Data excerpts
****************************************

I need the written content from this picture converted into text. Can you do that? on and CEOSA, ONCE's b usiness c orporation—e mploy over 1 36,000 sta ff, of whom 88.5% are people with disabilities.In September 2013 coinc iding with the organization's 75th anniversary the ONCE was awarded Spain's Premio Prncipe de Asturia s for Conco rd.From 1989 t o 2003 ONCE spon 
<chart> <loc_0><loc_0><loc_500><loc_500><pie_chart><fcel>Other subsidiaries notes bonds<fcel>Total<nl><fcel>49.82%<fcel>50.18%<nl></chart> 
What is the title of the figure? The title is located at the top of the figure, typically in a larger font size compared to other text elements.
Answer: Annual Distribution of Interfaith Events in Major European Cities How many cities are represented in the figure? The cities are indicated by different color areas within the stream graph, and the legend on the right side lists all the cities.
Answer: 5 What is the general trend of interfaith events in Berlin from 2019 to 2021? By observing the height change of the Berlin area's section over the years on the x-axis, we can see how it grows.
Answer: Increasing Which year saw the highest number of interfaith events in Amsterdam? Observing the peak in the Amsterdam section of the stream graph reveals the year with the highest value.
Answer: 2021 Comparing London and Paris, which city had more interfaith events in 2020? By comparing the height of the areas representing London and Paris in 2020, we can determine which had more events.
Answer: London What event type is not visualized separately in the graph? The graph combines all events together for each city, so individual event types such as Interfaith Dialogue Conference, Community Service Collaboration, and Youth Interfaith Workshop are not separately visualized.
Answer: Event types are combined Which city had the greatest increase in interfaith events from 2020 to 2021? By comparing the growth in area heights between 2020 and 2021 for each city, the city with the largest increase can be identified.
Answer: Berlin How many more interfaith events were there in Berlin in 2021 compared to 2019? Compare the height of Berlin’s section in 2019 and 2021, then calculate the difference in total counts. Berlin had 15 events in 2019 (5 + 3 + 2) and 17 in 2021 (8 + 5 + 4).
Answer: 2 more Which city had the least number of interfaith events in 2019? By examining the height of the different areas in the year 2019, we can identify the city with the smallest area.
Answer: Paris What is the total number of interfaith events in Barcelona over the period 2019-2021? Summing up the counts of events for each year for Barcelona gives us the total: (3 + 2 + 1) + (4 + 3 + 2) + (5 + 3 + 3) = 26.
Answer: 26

****************************************

TASK GOAL: Output only the number of lines in the data above that include the word "figure".

EXERCISE RESPONSE: 2